The dimensional stability and durability of the tool can be further improved by using a spherical head 1, which is a lamination formed by discs 17 mounted on a bearing neck 3 to rotate relative to each other. In this case, the discs 17 are rotated by their contact with the surface of the bore or hole 10 of the workpiece to be machined independently of each other, whereby the minimum friction rate between the blades 2 and the bore or hole 10 becomes self-adjusted. In addition, if the discs 17 are mounted on a bearing neck 3 having eccentric necks or lower bearing necks 19, then each disc performs independently and all the discs together perform the machining bore or hole 10 without smoothing the surface thereof.
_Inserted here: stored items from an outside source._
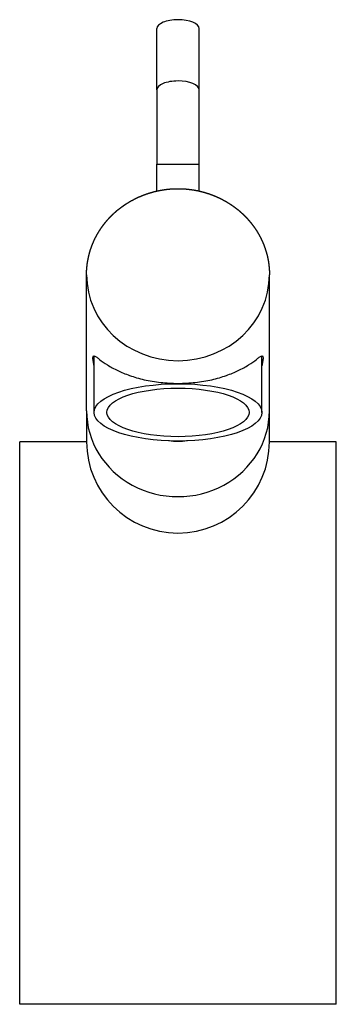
# Model space of a CAD drawing. Header units: millimetres. Extents: x -0.022 to 0.022, y 0 to 0.14.
import ezdxf

# ---------------------------------------------------------------- set-up
doc = ezdxf.new("R2010")
doc.units = ezdxf.units.MM
doc.layers.add('BLOCKS', color=3, linetype='Continuous')

msp = doc.modelspace()

# ---------------------------------------------------------------- linework, layer by layer
at = {"layer": 'BLOCKS'}
for p, q in [((-0.003, 0.13002), (-0.003, 0.13873)), ((0.003, 0.13002), (0.003, 0.13873)), ((-0.003, 0.13002), (-0.003, 0.11946)), ((0.003, 0.11946), (0.003, 0.13002)), ((-0.003, 0.11946), (0, 0.11946)), ((-0.003, 0.11564), (-0.003, 0.11946)), ((0, 0.11946), (0.003, 0.11946)), ((0.003, 0.11564), (0.003, 0.11946)), ((-0.013, 0.0844), (-0.013, 0.10373)), ((0.013, 0.0844), (0.013, 0.10373)), ((-0.01191, 0.08416), (-0.01191, 0.09221)), ((0.01192, 0.08416), (0.01192, 0.09221)), ((-0.013, 0.0844), (-0.013, 0.08)), ((0.013, 0.08), (0.013, 0.0844)), ((-0.013, 0.08), (-0.0225, 0.08)), ((-0.0225, 0), (-0.0225, 0.08)), ((0.0225, 0.08), (0.013, 0.08)), ((0.0225, 0), (0.0225, 0.08)), ((0.0225, 0), (-0.0225, 0))]:
    msp.add_line(p, q, dxfattribs=at)
msp.add_arc((0, 0.08), 0.013, 180, 0, dxfattribs=at)
for centre, major_axis, ratio, start_param, end_param in [((0, 0.13873), (0.003, 0), 0.422618, 1.570796, 3.141593), ((0, 0.13873), (0.003, 0), 0.422618, 0, 1.570796), ((0, 0.13002), (0.003, 0), 0.422618, 1.570796, 3.141593), ((0, 0.13002), (0.003, 0), 0.422618, 0, 1.570796), ((0, 0.10373), (0.013, 0), 0.939693, 3.141593, 6.283185), ((0, 0.0844), (-0.013, 0), 0.939693, 0, 3.141593)]:
    msp.add_ellipse(centre, major_axis=major_axis, ratio=ratio, start_param=start_param, end_param=end_param, dxfattribs=at)
for major_axis in [(-0.01192, 0), (-0.0101, 0)]:
    msp.add_ellipse((0, 0.08416), major_axis=major_axis, ratio=0.34202, dxfattribs=at)
for points, degree, knots in [([(-0.013, 0.10373), (-0.013, 0.10396), (-0.01299, 0.10418), (-0.01298, 0.10441), (-0.01296, 0.10464), (-0.01294, 0.10487), (-0.01292, 0.1051), (-0.01289, 0.10533), (-0.01285, 0.10556), (-0.01281, 0.10578), (-0.01277, 0.10601), (-0.01272, 0.10624), (-0.01267, 0.10646), (-0.01261, 0.10668), (-0.01255, 0.10691), (-0.01249, 0.10713), (-0.01242, 0.10735), (-0.01234, 0.10757), (-0.01226, 0.10779), (-0.01218, 0.108), (-0.01209, 0.10822), (-0.012, 0.10843), (-0.01191, 0.10864), (-0.01181, 0.10885), (-0.0117, 0.10906), (-0.01159, 0.10927), (-0.01148, 0.10947), (-0.01136, 0.10967), (-0.01124, 0.10987), (-0.01112, 0.11007), (-0.01099, 0.11026), (-0.01086, 0.11046), (-0.01072, 0.11065), (-0.01058, 0.11084), (-0.01044, 0.11102), (-0.01029, 0.11121), (-0.01014, 0.11139), (-0.00999, 0.11157), (-0.00983, 0.11174), (-0.00967, 0.11191), (-0.0095, 0.11208), (-0.00933, 0.11225), (-0.00916, 0.11241), (-0.00899, 0.11258), (-0.00881, 0.11273), (-0.00863, 0.11289), (-0.00844, 0.11304), (-0.00825, 0.11319), (-0.00806, 0.11333), (-0.00787, 0.11347), (-0.00768, 0.11361), (-0.00748, 0.11374), (-0.00728, 0.11387), (-0.00707, 0.114), (-0.00686, 0.11413), (-0.00666, 0.11425), (-0.00644, 0.11436), (-0.00623, 0.11447), (-0.00601, 0.11458), (-0.0058, 0.11469), (-0.00558, 0.11479), (-0.00535, 0.11488), (-0.00513, 0.11498), (-0.0049, 0.11507), (-0.00468, 0.11515), (-0.00445, 0.11523), (-0.00422, 0.11531), (-0.00398, 0.11538), (-0.00375, 0.11545), (-0.00352, 0.11552), (-0.00328, 0.11558), (-0.00304, 0.11563), (-0.0028, 0.11568), (-0.00256, 0.11573), (-0.00232, 0.11577), (-0.00208, 0.11581), (-0.00184, 0.11585), (-0.0016, 0.11588), (-0.00135, 0.1159), (-0.00111, 0.11593), (-0.00086, 0.11594), (-0.00062, 0.11596), (-0.00037, 0.11597), (-0.00013, 0.11597), (0.00012, 0.11597), (0.00036, 0.11597), (0.00061, 0.11596), (0.00085, 0.11594), (0.0011, 0.11593), (0.00134, 0.11591), (0.00158, 0.11588), (0.00183, 0.11585), (0.00207, 0.11582), (0.00231, 0.11578), (0.00255, 0.11573), (0.00279, 0.11569), (0.00303, 0.11563), (0.00327, 0.11558), (0.0035, 0.11552), (0.00374, 0.11545), (0.00397, 0.11538), (0.00421, 0.11531), (0.00444, 0.11524), (0.00467, 0.11515), (0.0049, 0.11507), (0.00512, 0.11498), (0.00535, 0.11489), (0.00557, 0.11479), (0.00579, 0.11469), (0.00601, 0.11459), (0.00622, 0.11448), (0.00644, 0.11436), (0.00665, 0.11425), (0.00686, 0.11413), (0.00707, 0.114), (0.00727, 0.11388), (0.00747, 0.11375), (0.00767, 0.11361), (0.00787, 0.11347), (0.00806, 0.11333), (0.00825, 0.11319), (0.00844, 0.11304), (0.00863, 0.11289), (0.00881, 0.11273), (0.00899, 0.11257), (0.00916, 0.11241), (0.00933, 0.11225), (0.0095, 0.11208), (0.00967, 0.11191), (0.00983, 0.11174), (0.00999, 0.11156), (0.01015, 0.11138), (0.0103, 0.1112), (0.01044, 0.11102), (0.01059, 0.11083), (0.01073, 0.11064), (0.01087, 0.11045), (0.011, 0.11026), (0.01113, 0.11006), (0.01125, 0.10986), (0.01137, 0.10966), (0.01149, 0.10946), (0.0116, 0.10925), (0.01171, 0.10905), (0.01181, 0.10884), (0.01191, 0.10863), (0.01201, 0.10842), (0.0121, 0.1082), (0.01219, 0.10799), (0.01227, 0.10777), (0.01235, 0.10755), (0.01242, 0.10733), (0.01249, 0.10711), (0.01256, 0.10689), (0.01262, 0.10667), (0.01268, 0.10644), (0.01273, 0.10622), (0.01277, 0.106), (0.01282, 0.10577), (0.01286, 0.10555), (0.01289, 0.10532), (0.01292, 0.10509), (0.01294, 0.10487), (0.01296, 0.10464), (0.01298, 0.10441), (0.01299, 0.10418), (0.013, 0.10395), (0.013, 0.10373)], 1, [3.141593, 3.141593, 3.160323, 3.179053, 3.197782, 3.216512, 3.235242, 3.253972, 3.272702, 3.291432, 3.310162, 3.328892, 3.347622, 3.366352, 3.385082, 3.403812, 3.422542, 3.441272, 3.460002, 3.478754, 3.497507, 3.51626, 3.535012, 3.553765, 3.572518, 3.59127, 3.610023, 3.628776, 3.647528, 3.666281, 3.685034, 3.703786, 3.722539, 3.741292, 3.760044, 3.778797, 3.797602, 3.816407, 3.835213, 3.854018, 3.872823, 3.891628, 3.910433, 3.929239, 3.948044, 3.966849, 3.985654, 4.004459, 4.023265, 4.04207, 4.060875, 4.07968, 4.098486, 4.117344, 4.136202, 4.15506, 4.173918, 4.192776, 4.211634, 4.230492, 4.24935, 4.268208, 4.287066, 4.305924, 4.324782, 4.343641, 4.362499, 4.381357, 4.400215, 4.419073, 4.437965, 4.456857, 4.475749, 4.494642, 4.513534, 4.532426, 4.551318, 4.57021, 4.589103, 4.607995, 4.626887, 4.645779, 4.664671, 4.683563, 4.702456, 4.721348, 4.74024, 4.759142, 4.778044, 4.796947, 4.815849, 4.834751, 4.853654, 4.872556, 4.891458, 4.91036, 4.929263, 4.948165, 4.967067, 4.985969, 5.004872, 5.023774, 5.042676, 5.061578, 5.080466, 5.099354, 5.118242, 5.13713, 5.156018, 5.174906, 5.193794, 5.212682, 5.23157, 5.250458, 5.269346, 5.288234, 5.307121, 5.326009, 5.344897, 5.363785, 5.382673, 5.401523, 5.420373, 5.439223, 5.458072, 5.476922, 5.495772, 5.514622, 5.533472, 5.552321, 5.571171, 5.590021, 5.608871, 5.627721, 5.64657, 5.66542, 5.68427, 5.70312, 5.721915, 5.74071, 5.759505, 5.7783, 5.797095, 5.81589, 5.834685, 5.85348, 5.872275, 5.89107, 5.909865, 5.92866, 5.947455, 5.96625, 5.985045, 6.003839, 6.022634, 6.041245, 6.059856, 6.078467, 6.097078, 6.115688, 6.134299, 6.15291, 6.171521, 6.190131, 6.208742, 6.227353, 6.245964, 6.264575, 6.283185, 6.283185]), ([(-0.01191, 0.09077), (-0.01196, 0.09096), (-0.012, 0.09114), (-0.01207, 0.09154), (-0.0121, 0.09175), (-0.0121, 0.09191), (-0.0121, 0.09206), (-0.01207, 0.09215), (-0.01199, 0.09222), (-0.01192, 0.09222), (-0.01176, 0.09214), (-0.01166, 0.09208), (-0.01143, 0.09191), (-0.01129, 0.09181), (-0.01084, 0.09147), (-0.01047, 0.09119), (-0.0096, 0.09064), (-0.0091, 0.09036), (-0.00806, 0.08986), (-0.0075, 0.08963), (-0.00624, 0.08919), (-0.00554, 0.08898), (-0.00406, 0.08865), (-0.00327, 0.08852), (-0.00165, 0.08834), (-0.00082, 0.08829), (0, 0.08829)], 3, [80.778176, 80.778176, 80.778176, 80.778176, 81.692521, 81.692521, 83.056417, 83.056417, 83.056417, 84.420314, 84.420314, 85.78421, 85.78421, 87.148106, 87.148106, 88.512002, 88.512002, 91.239794, 91.239794, 93.967586, 93.967586, 96.43082, 96.43082, 98.894054, 98.894054, 101.357288, 101.357288, 103.820522, 103.820522, 103.820522, 103.820522]), ([(0, 0.08829), (0.00082, 0.08829), (0.00165, 0.08834), (0.00327, 0.08852), (0.00406, 0.08865), (0.00554, 0.08898), (0.00624, 0.08919), (0.0075, 0.08963), (0.00806, 0.08986), (0.0091, 0.09036), (0.0096, 0.09064), (0.01047, 0.09119), (0.01084, 0.09147), (0.01129, 0.09181), (0.01143, 0.09191), (0.01166, 0.09208), (0.01176, 0.09214), (0.01192, 0.09222), (0.01199, 0.09222), (0.01207, 0.09215), (0.0121, 0.09206), (0.0121, 0.09175), (0.01207, 0.09154), (0.012, 0.09114), (0.01196, 0.09096), (0.01192, 0.09077)], 3, [20.764104, 20.764104, 20.764104, 20.764104, 23.227338, 23.227338, 25.690572, 25.690572, 28.153806, 28.153806, 30.61704, 30.61704, 33.344832, 33.344832, 36.072624, 36.072624, 37.43652, 37.43652, 38.800416, 38.800416, 40.164313, 40.164313, 41.528209, 41.528209, 42.892105, 42.892105, 43.80645, 43.80645, 43.80645, 43.80645])]:
    msp.add_open_spline(points, degree=degree, knots=knots, dxfattribs=at)
for points in [[(0, 0.08002), (-0.00044, 0.08002), (-0.00088, 0.08005), (-0.00133, 0.08011)], [(0.00133, 0.08011), (0.00088, 0.08005), (0.00044, 0.08002), (0, 0.08002)]]:
    msp.add_open_spline(points, degree=3, dxfattribs=at)

doc.saveas('drawing.dxf')

This increases the machining speed and expands the scope of the tool, as the tool can then be used for both finishing and semi-final machining work.

Claims (9)

12 69261 A spherical multi-blade tool for machining bores and holes, wherein a spherical head (1) carrying blades (2) with cutting edges on a spherical surface is mounted on a neck portion (3) formed at the end of the tool shank (4), characterized in that the blades (2) ) are inclined with respect to the meridian planes of the spherical head (1) mounted on the neck portion (3) to rotate freely about this geometric axis (0-0) extending at an acute angle (OC) with respect to the tool shank (4) and the axis of the machined bore (LL). ). A spherical multi-blade tool according to claim 1, characterized in that the blades (2) are formed by planar parts forming a spherical head (1) and each blade (2) is arranged to extend along at least a part of the arc (BC) of the circle. Spherical multi-blade tool according to Claim 1, characterized in that the blades (2) are arranged on the spherical surface (1) along a helical line (DE). Spherical multi-blade tool according to Claim 1, characterized in that the blades (2) are formed at an angle of at most 90 ° to the meridian planes of the protrusions (13) corresponding to the desired shape of the machined hole (10) arranged parallel to the spherical end (1). from the intersections between the fitted grooves (14). Spherical multi-blade tool according to Claim 1, characterized in that the guide surfaces (7) of the blades (2) are in the same direction. Spherical multi-blade tool according to Claim 1, characterized in that the guide surfaces (7) of the blades (2) are in different directions. Spherical multi-blade tool according to Claim 1, characterized in that the trailing surfaces (8) of the blades (2) are provided with chamfers (16) with an angle of at most about -15 °. Spherical multi-blade tool according to Claim 1, characterized in that the spherical head (1) is formed by superimposed blades (17), the circumferential surfaces of which form the blades (2) and in that the blades (17) are arranged so that they can rotate relative to one another. Il 69261 Spherical multi-blade tool according to Claim 8, characterized in that its neck part (3) is stepped and has a plurality of eccentric necks (19).